## Work item
Go through the listing below and list every line with "Wabo".
>>>>
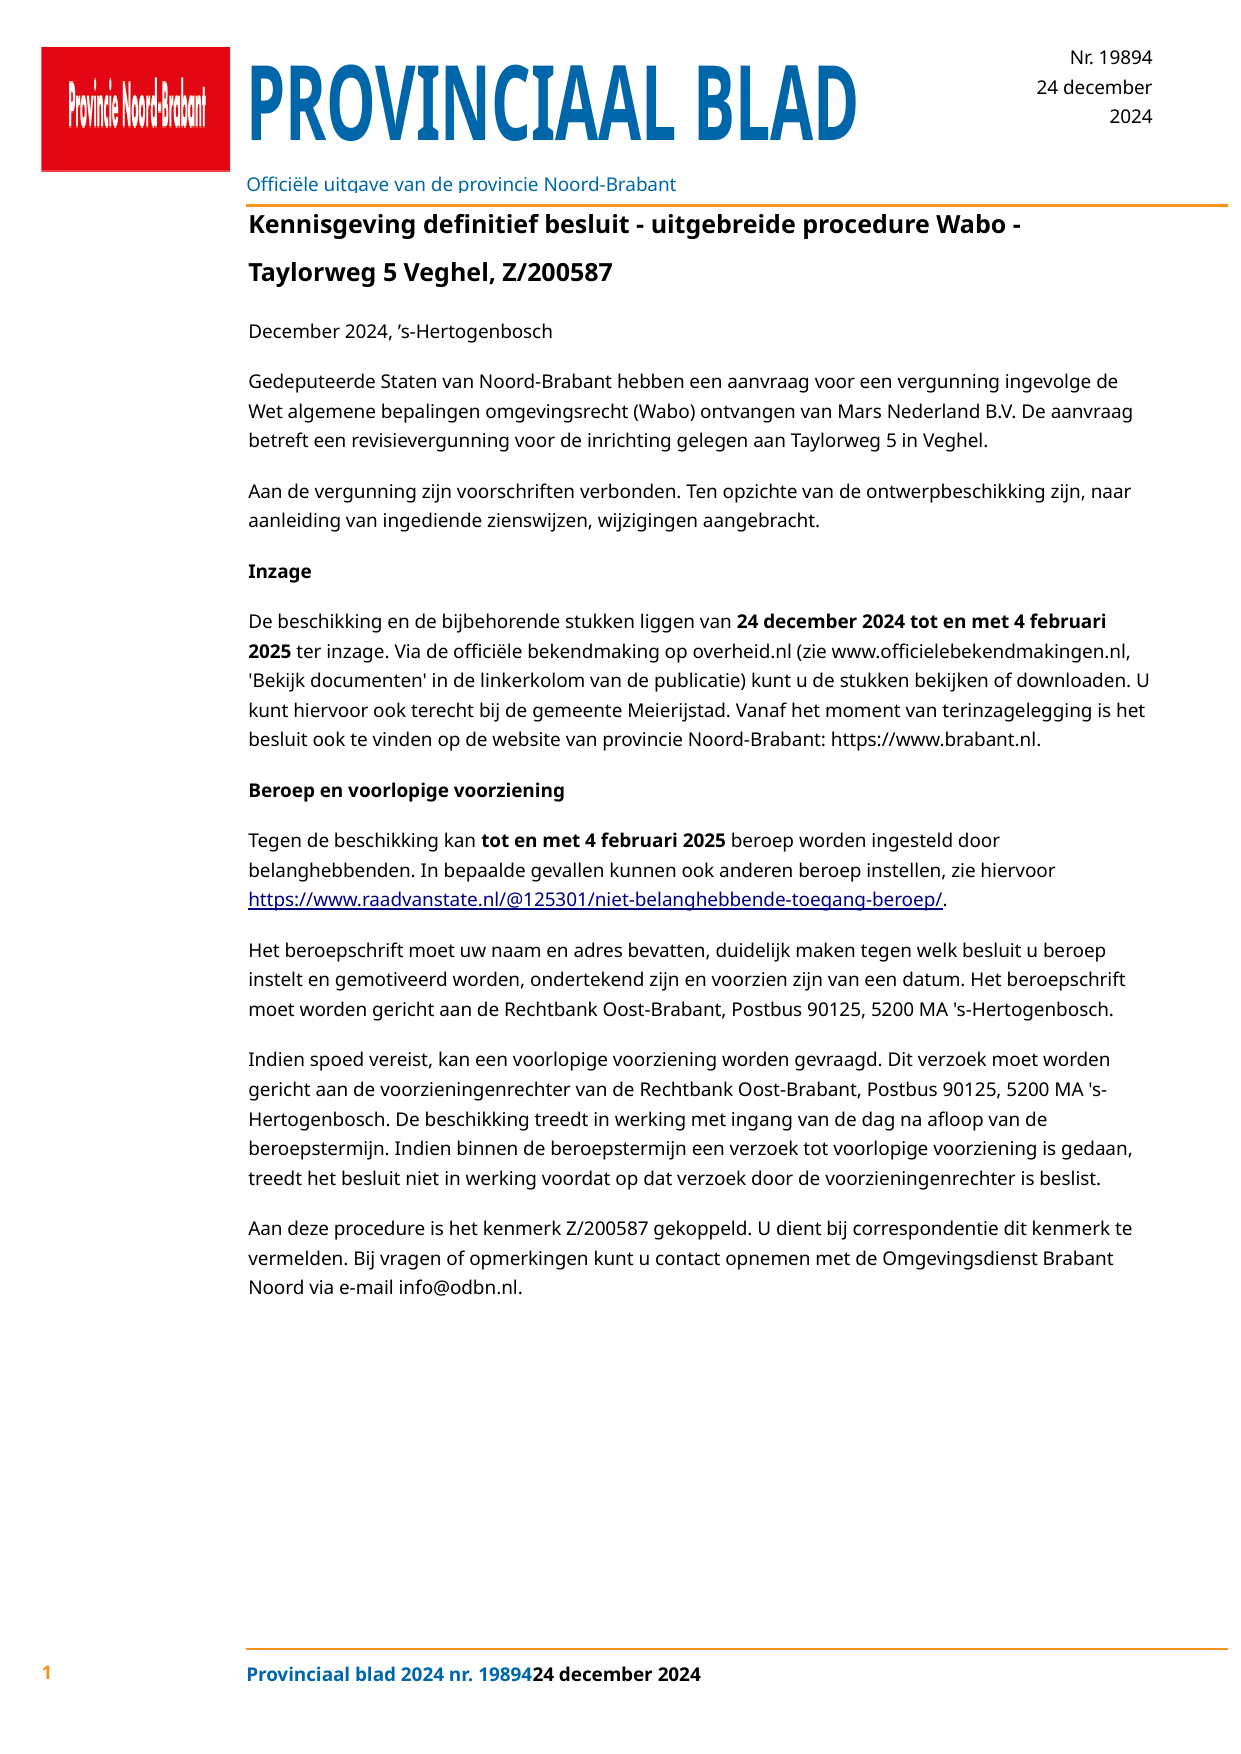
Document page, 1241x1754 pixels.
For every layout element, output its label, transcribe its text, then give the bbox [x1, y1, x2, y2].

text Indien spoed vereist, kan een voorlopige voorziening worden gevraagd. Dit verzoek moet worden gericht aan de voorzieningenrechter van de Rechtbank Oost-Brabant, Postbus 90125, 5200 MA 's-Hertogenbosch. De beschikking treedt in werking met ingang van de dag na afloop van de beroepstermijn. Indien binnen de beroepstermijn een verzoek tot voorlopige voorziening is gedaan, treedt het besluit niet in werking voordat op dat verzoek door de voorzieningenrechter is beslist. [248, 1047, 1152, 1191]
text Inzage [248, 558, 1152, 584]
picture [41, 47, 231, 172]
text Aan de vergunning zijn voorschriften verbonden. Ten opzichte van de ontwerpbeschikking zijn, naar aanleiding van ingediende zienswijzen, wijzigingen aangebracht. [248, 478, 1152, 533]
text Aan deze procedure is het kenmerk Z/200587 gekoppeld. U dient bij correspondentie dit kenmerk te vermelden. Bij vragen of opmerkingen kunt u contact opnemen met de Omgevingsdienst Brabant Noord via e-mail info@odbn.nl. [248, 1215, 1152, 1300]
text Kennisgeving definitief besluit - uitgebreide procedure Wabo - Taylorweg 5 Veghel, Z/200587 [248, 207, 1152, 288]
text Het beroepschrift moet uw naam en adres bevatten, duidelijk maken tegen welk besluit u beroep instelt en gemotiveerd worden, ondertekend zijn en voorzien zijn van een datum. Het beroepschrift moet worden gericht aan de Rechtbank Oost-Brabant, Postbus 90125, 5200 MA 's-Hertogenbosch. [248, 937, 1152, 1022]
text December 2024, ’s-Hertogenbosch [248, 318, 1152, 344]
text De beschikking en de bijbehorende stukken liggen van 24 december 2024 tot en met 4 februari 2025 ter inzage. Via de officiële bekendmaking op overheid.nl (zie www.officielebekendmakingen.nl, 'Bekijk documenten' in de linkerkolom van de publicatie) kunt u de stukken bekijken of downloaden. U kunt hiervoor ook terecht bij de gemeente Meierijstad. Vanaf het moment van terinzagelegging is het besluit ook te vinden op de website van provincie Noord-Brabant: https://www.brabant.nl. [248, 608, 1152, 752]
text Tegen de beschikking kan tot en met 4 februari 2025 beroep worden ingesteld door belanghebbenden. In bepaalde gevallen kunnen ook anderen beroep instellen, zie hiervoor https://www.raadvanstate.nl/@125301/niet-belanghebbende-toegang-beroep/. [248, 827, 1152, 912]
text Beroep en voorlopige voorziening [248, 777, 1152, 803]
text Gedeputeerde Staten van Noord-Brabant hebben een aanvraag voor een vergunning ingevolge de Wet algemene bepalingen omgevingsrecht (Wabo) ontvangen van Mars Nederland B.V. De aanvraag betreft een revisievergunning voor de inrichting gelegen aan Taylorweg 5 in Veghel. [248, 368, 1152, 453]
<<<<
>>>>
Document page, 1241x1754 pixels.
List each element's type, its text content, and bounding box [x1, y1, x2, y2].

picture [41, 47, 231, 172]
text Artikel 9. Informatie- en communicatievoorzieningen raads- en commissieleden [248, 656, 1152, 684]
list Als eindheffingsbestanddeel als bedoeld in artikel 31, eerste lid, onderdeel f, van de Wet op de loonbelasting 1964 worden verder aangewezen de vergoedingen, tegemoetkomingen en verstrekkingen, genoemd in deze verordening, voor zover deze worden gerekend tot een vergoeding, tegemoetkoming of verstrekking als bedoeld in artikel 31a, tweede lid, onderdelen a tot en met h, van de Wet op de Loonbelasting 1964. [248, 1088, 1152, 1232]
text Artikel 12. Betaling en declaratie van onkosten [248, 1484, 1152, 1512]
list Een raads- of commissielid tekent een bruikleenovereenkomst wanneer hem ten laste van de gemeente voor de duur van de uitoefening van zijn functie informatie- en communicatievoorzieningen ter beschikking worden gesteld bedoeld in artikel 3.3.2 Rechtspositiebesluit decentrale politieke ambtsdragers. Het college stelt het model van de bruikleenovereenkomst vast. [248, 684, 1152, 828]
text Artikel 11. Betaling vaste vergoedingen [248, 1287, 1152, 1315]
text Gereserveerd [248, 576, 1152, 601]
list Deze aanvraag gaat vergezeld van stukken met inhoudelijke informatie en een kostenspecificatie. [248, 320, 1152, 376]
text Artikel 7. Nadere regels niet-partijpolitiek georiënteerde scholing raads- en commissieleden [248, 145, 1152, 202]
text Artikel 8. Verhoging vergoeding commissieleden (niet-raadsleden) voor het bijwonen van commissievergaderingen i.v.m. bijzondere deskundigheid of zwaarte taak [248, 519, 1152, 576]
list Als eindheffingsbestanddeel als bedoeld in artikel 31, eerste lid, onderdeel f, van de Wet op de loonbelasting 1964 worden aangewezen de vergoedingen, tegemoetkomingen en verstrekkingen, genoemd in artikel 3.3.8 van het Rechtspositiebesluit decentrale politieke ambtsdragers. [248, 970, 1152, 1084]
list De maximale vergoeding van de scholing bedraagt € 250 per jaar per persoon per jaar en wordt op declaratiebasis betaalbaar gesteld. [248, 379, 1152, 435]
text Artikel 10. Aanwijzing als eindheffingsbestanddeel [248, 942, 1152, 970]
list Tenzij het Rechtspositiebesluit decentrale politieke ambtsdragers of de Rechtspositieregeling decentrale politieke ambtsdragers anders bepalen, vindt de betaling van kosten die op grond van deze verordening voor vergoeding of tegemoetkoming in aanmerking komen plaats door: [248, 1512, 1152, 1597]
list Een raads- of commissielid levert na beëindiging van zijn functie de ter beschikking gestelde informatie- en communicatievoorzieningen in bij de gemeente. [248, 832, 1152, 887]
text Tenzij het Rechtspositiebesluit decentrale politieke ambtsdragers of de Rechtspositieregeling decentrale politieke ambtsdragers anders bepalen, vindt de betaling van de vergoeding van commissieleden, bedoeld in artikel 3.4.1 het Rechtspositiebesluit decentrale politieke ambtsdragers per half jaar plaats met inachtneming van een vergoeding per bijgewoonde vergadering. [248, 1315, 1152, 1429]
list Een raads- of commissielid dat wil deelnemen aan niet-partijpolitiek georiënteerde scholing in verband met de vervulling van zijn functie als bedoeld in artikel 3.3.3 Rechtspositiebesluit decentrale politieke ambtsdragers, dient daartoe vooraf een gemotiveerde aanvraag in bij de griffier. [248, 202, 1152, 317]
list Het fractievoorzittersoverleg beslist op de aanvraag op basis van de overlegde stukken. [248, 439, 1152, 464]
<<<<
## Completed exercise
text Kennisgeving definitief besluit - uitgebreide procedure Wabo - Taylorweg 5 Veghel, Z/200587 [248, 207, 1152, 288]
text Gedeputeerde Staten van Noord-Brabant hebben een aanvraag voor een vergunning ingevolge de Wet algemene bepalingen omgevingsrecht (Wabo) ontvangen van Mars Nederland B.V. De aanvraag betreft een revisievergunning voor de inrichting gelegen aan Taylorweg 5 in Veghel. [248, 368, 1152, 453]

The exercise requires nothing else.